調査で災害の原因が判定できた場合でも、調査中に明らかになった、事件とは無関係の安全上のどんな不備をも無視すべきではない。ただし、この場合は別個の報告書で、災害とは無関係の欠点を指摘し、改善策を勧告する方がより適切だろう。
調査結果の報告
文書による報告
自分の組織に使用を義務づけられた標準様式がある場合、報告書の作成様式に選択の余地はほとんどない。ただし以下の欠点もあることを知り、その解決に努めるべきである。
- 回答記述用の欄が小さいときの簡単な解決策は、欄外に「付属の用紙Xに続く」と記載することである。
- 原因に関するチェックリストがある場合、リスト以外の潜在的原因が見過ごされるおそれがある。与えられたチェックリストに自分が発見した原因が記載されていない場合の簡単な解決法は、リストに項目を書き加え、それに印をつけることである。
- 「不安全な状態」などの表題があると、調査で複数の不安全な状態が発見された場合でも単一回答にしばられる可能性がある。簡単な解決策は、該当する項目にチェックしたうえで「付属の用紙Xの詳細を参照」と注をつけることである。
- 「主たる原因」と「誘因」とが区別されていると、誤解を生じかねない。災害原因はすべて重要であり、改善策の可能性を検討する価値がある。このとき、あなたは組織内の安全管理者の怒りを買うか、安全コンサルタントの無知を示したことで喝采を受けるかの、どちらかである。しかし、与えられた報告様式を改善する必要がある場合は、そうすべきである。これは怒りを買うか、賞賛を得るかの賭けになる。様式を自分に合ったように修正し、なおかつ他人をあまり刺激しない方法は、「主な」を抹消し、代わりに「直接の」と書き、災害の直接的原因を記載することである。そして「誘因」を抹消し、代わりに「他の原因」と記載する。こうして、様式の2カ所に、自分の良識に基づいて記載することができる。
組織内で、一定の用紙その他を使った文書による報告が義務づけられている場合、以前に作成した事実経過についての草案が、発生した事態の説明に役立つ。報告書の読者は災害について詳しくは知らないため、関連する事実をすべて記載することを忘れてはならない。写真や図が言葉による多くの説明の代わりになるかもしれない。
証拠が、確実な事実、目撃者の証言、または自分の仮定に基づいている場合、それを明記すること。
特定の部分について疑問があるときは、それを示すこと。自分の結論の根拠を示し、その後で自分の勧告を記載すること。何もならないもの、たとえば重要でない写真、結論と無関係な調査部分など、災害とその原因の完全な理解に不必要である余分な内容は削除すること。良い災害報告書の基準は、その量ではなく質にある。
「ヒューマンエラー」が原因の場合
災害原因のうちヒューマンエラーの指摘が欠落していると、調査の質を落とすことになる。それらが改善されないために同種の災害が再発する可能性もでてくる。
それでも多くの調査担当者が苦労するのは、誰かを非難したくないと考えるからである。しかし、事業場の徹底した事故原因調査によって、特定の個人(事業者、監督者、または一般労働者を問わず)の過失が災害の一因になったことが明らかになった場合、その事実は指摘すべきである。

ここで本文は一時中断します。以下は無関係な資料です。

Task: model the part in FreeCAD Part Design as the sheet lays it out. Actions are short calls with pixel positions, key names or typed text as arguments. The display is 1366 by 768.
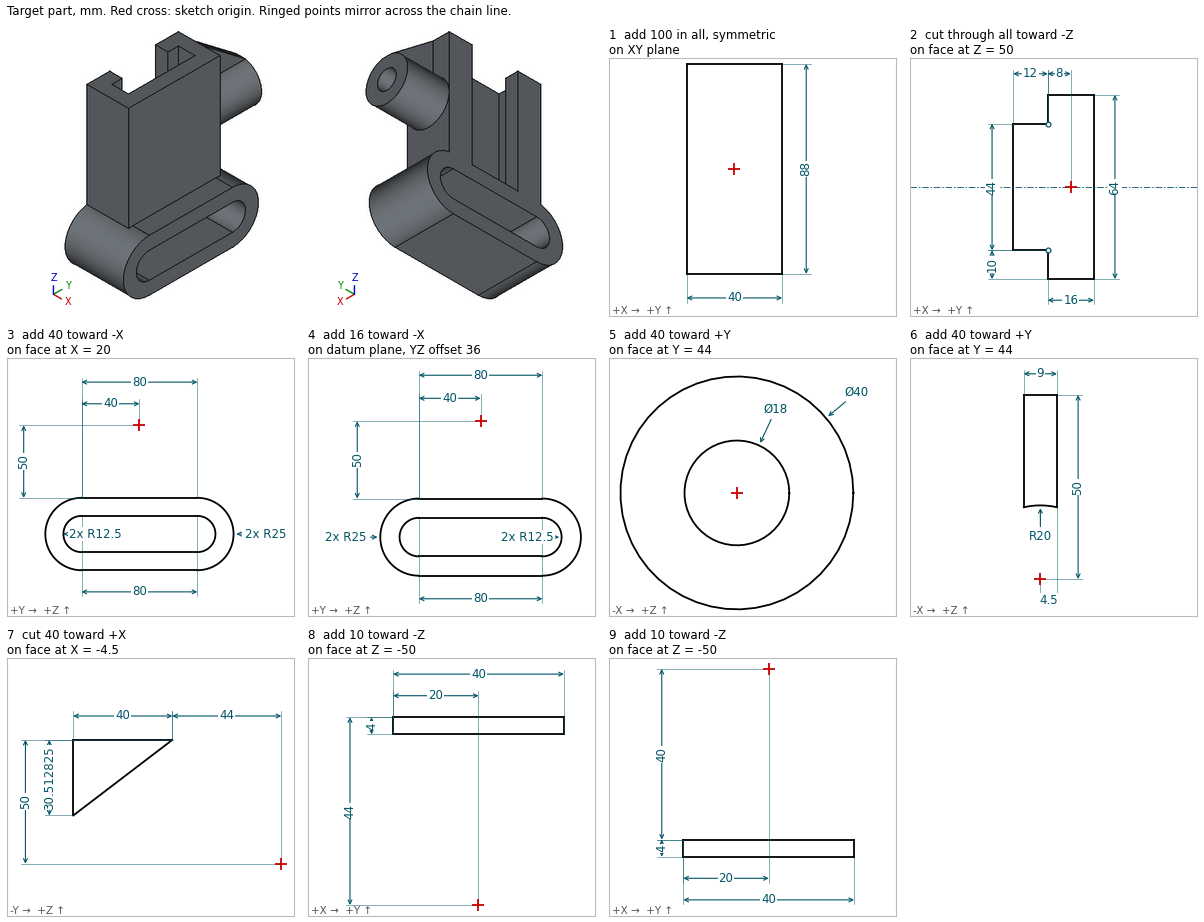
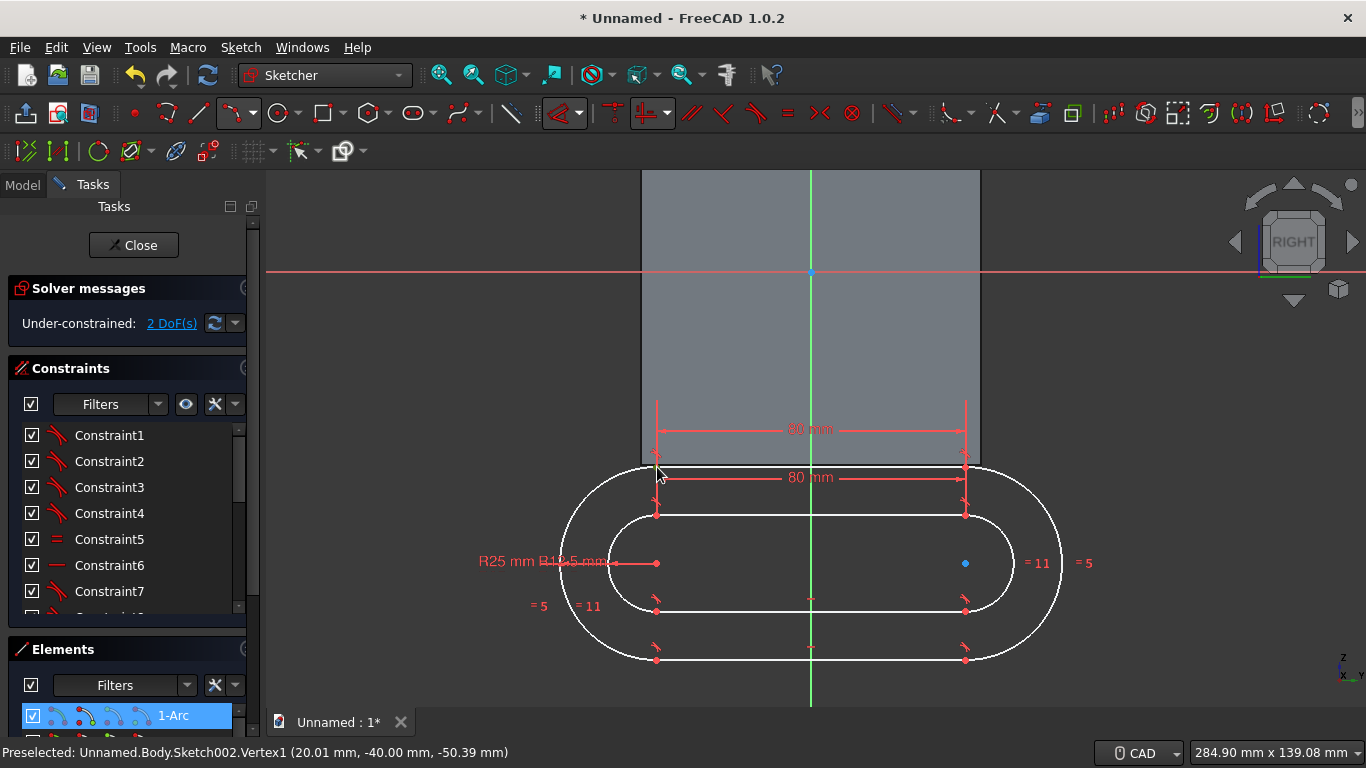
key(l)

ヒューマンエラーが災害の大きな原因だった場合、調査の重要な目的は、事業者が以下の二つの面で効果的措置をとれるようにすることだということを想起すべきである。
- 誰であれ、そうしたヒューマンエラーがそれ以降に発生する可能性を減らすこと。
- 誰かが次に同じ、または似たエラーを起こしても実際に災害が起こらないようにすること。
過去に各種の危険なヒューマンエラーを起こしたのでないかぎり、当人を懲罰することは効果のない安全管理対策であり、事業者にとって逆効果になりかねないということを、もっと多くの組織責任者が知るべきである。
労働審判所での逆効果の例を想像してみよう。エラーを犯した労働者が、そうしたエラーはこの工場では日常的にあり、これを理由に解雇されたのは自分だけだと主張したとする。解雇の根拠になった報告書自体に、おそらく、そうしたエラーがたびたびあると記載されており、さらにはエラーを減らし、その影響を最小にするための勧告まで記されているだろう。そうしたエラーが一因となった過去の災害まで引用されているかもしれない。労働審判所は、事業者にきわめて厳しい姿勢に傾くだろう。
また刑事裁判所での逆効果の例を想像してみよう。エラーを犯した労働者の証言で、過去何年か、簡単にエラーが発生して潜在的危険性が生じることについて、事業者に多くの苦情が寄せられていたことが明らかになったとする。エラー発生の可能性と、その危険な影響を最小限にするために、事業者が対策を行ったことを証明できなかった場合、裁判所はどういう態度をとるだろうか。ご想像のとおり。裁判所は事業者を厳しく罰するだろう。